You can also enter queries to narrow the list of available
sites and forums. For example, limit the list of sites
to sites that include IBM® in
their names or limit the list of forums to forums that contain Enterprise
in their titles.
The following table shows the levels
available for the supported source types and the ways
that you can use them to narrow the scope of the crawl. If
you change the crawler conditions after you create the crawler,
a full recrawl is required to apply the changes.
Top-Level (Source Type) |
Second-Level |
Third-Level |
Message Boards |
Site You can enter a query to narrow the list of sites by
site name, site domain, or site URL.
|
Forum You can enter a query to narrow the list of forums
by forum name.
|
Blogs |
Site You can enter a query to narrow the list of sites by
site name, site domain, or site URL.
|
|
News |
Site You can enter a query to narrow the list of sites by
site name, site domain, or site URL.
|
|
Videos |
Site You can click a button to see a list of the available
video sites.
|
Author You can enter a query to narrow the list of authors
by author name.
|
Reviews |
Site You can enter a query to narrow the list of sites by
site name or site URL.
|
Author You can enter a query to narrow the list of authors
by author name.
|
Applying time zones and API filters
In BoardReader, dates are determined by the eastern United
States time zone (EST/EDT) for message board content, and
by GMT time for all other source types.
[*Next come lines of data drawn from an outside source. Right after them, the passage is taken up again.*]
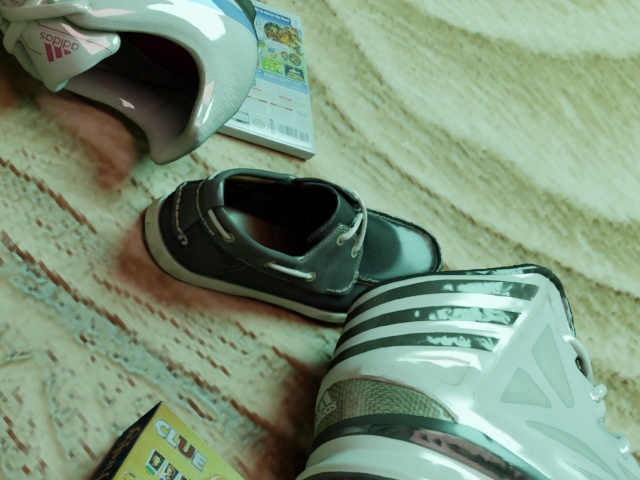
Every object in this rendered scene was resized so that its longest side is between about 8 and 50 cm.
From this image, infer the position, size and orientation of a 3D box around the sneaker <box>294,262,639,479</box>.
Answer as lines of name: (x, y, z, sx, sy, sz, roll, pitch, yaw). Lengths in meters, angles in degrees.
sneaker: (0.197, 0.159, 1.219, 0.447, 0.169, 0.257, 30, 48, -20)

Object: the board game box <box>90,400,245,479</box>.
board game box: (-0.041, 0.223, 1.031, 0.243, 0.042, 0.165, 45, 29, -8)

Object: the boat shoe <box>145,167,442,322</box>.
boat shoe: (0.000, 0.000, 1.220, 0.233, 0.079, 0.084, 11, 55, -39)

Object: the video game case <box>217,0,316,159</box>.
video game case: (-0.046, -0.121, 1.309, 0.087, 0.011, 0.122, 16, 54, -33)

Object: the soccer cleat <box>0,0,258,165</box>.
soccer cleat: (-0.176, -0.180, 1.154, 0.331, 0.116, 0.143, 38, 44, -17)
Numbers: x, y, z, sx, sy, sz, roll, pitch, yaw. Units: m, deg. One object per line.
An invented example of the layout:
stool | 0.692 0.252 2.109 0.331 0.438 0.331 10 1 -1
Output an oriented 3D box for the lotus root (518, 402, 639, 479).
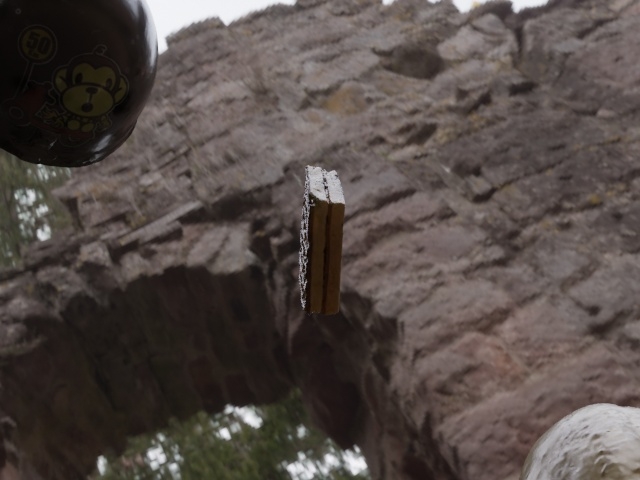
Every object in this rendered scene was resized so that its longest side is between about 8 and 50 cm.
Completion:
lotus root | 0.171 0.146 0.564 0.125 0.221 0.118 23 -82 1

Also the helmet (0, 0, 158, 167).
helmet | -0.267 -0.224 1.108 0.230 0.279 0.160 18 -32 -31

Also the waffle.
waffle | 0.000 0.000 1.194 0.042 0.102 0.148 1 -63 -5
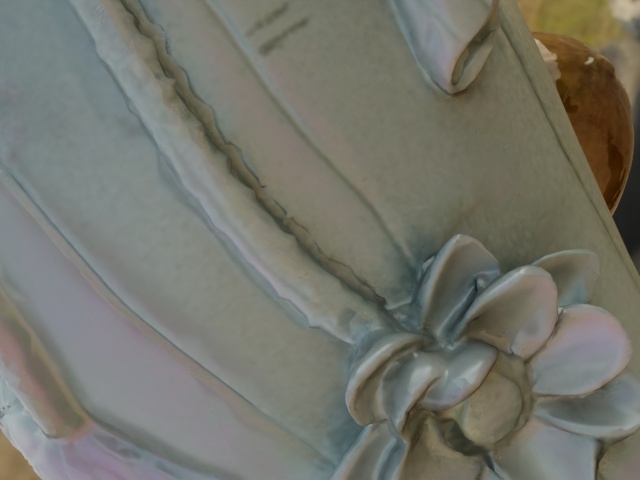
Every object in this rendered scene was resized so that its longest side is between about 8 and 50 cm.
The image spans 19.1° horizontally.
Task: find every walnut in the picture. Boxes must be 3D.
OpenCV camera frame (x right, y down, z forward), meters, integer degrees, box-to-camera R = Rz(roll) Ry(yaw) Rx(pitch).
[{"bbox_3d":[0.080,-0.018,0.962,0.207,0.116,0.116,-58,16,32],"label":"walnut"}]

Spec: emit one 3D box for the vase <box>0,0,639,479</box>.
[{"bbox_3d":[0.000,0.000,0.621,0.250,0.445,0.250,-42,-5,-4],"label":"vase"}]
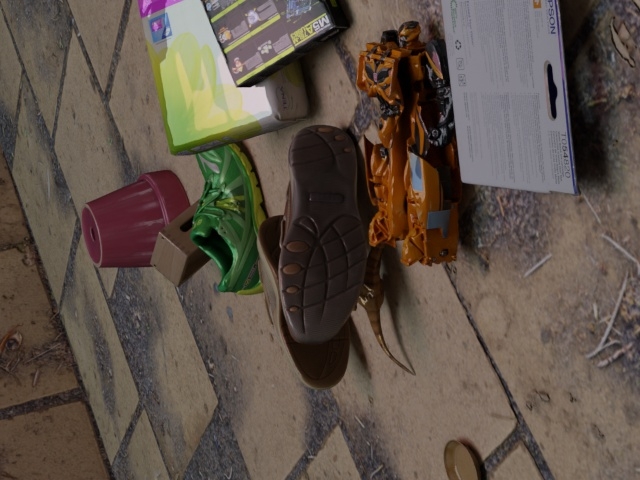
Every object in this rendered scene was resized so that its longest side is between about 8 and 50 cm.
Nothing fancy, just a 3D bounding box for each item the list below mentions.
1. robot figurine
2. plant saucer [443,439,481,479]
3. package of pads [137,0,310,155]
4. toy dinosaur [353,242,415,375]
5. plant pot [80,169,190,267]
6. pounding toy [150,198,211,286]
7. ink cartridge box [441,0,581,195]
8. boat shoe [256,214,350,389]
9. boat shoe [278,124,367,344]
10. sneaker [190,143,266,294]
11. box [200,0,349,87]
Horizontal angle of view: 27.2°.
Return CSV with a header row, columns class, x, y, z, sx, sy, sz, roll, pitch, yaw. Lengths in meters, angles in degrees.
class,x,y,z,sx,sy,sz,roll,pitch,yaw
robot figurine,0.108,-0.123,1.636,0.211,0.085,0.291,-151,52,-64
plant saucer,0.191,0.302,1.750,0.083,0.015,0.083,39,135,53
package of pads,-0.148,-0.296,1.996,0.229,0.101,0.296,-13,90,34
toy dinosaur,0.069,0.083,1.852,0.112,0.064,0.211,20,120,61
plant pot,-0.366,-0.026,2.602,0.201,0.180,0.201,41,137,52
pounding toy,-0.244,-0.007,2.424,0.100,0.141,0.130,40,145,11
ink cartridge box,0.217,-0.165,1.433,0.224,0.045,0.223,15,115,63
boat shoe,-0.032,0.106,2.039,0.098,0.109,0.302,105,150,-54
boat shoe,0.000,0.000,1.846,0.116,0.123,0.324,108,169,-64
sneaker,-0.163,-0.048,2.219,0.109,0.123,0.295,-49,56,61
box,-0.074,-0.337,1.855,0.190,0.045,0.184,-28,83,32
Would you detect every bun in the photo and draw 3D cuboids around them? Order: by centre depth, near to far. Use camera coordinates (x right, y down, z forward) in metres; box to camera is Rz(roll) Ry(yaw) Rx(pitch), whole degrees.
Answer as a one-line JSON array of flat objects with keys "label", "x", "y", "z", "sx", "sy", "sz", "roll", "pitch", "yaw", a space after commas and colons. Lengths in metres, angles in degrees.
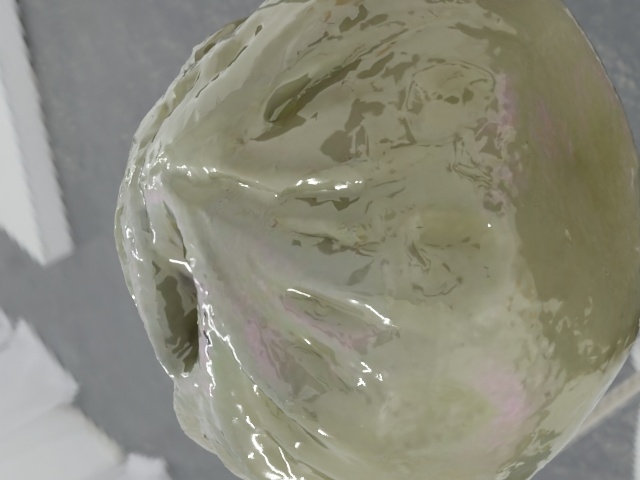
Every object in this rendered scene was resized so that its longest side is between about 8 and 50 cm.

Because the crawler
cannot detect the time zone for each BoardReader site, the dates
that users see when they query a BoardReader collection might
be different from dates that appear on the original data source
sites (such as yahoo.com sites that were crawled by the BoardReader
service).
When you select the sources to be crawled,
you can specify which time zone is to be used to determine
the document dates. For best results, select a time zone based on
the time zone for the site to be crawled:
- You can select a default time zone. This time zone is used to
convert the BoardReader Published date to the indexed
document date.
- You can specify patterns to apply a time zone to documents that
match a pattern URL. For example, if you specify *.yahoo.co.jp=JST in
the time zone list, Japanese Standard Time is used to
determine the document date for documents that are published
on .yahoo.co.jp sites.
If you do not specify a time zone pattern, the default time
zone is applied. If you do not specify a default time zone,
the crawler uses the time zone that is configured for the
collection.
You can specify BoardReader API parameters
to further limit the amount of data that the crawler collects.
For example, specify filter_language=ja to
collect only documents in the Japanese language, or specify filter_country=jp
to collect only documents that originate in Japan. To specify
more than one filter, combine the entries with an ampersand
(&) character, for example, filter_language=ja&filter_country=jp.
Contact BoardReader for information about available API parameters.
Configuration overview
When
you configure a
BoardReader crawler
in the administration console, wizards help you provide required
information:
- Specify properties that control how the crawler operates and uses
system resources. The crawler properties control how the
crawler collects content from all of the BoardReader sources
that you add to the crawl space.
- Specify connection credentials.
- Select the BoardReader sources that you want to crawl by specifying
time limits, queries, domains, and source types.
- Specify options for how documents can be searched. For example,
you can exclude certain types of documents from the crawl
space.
- Set up a schedule for crawling BoardReader sites.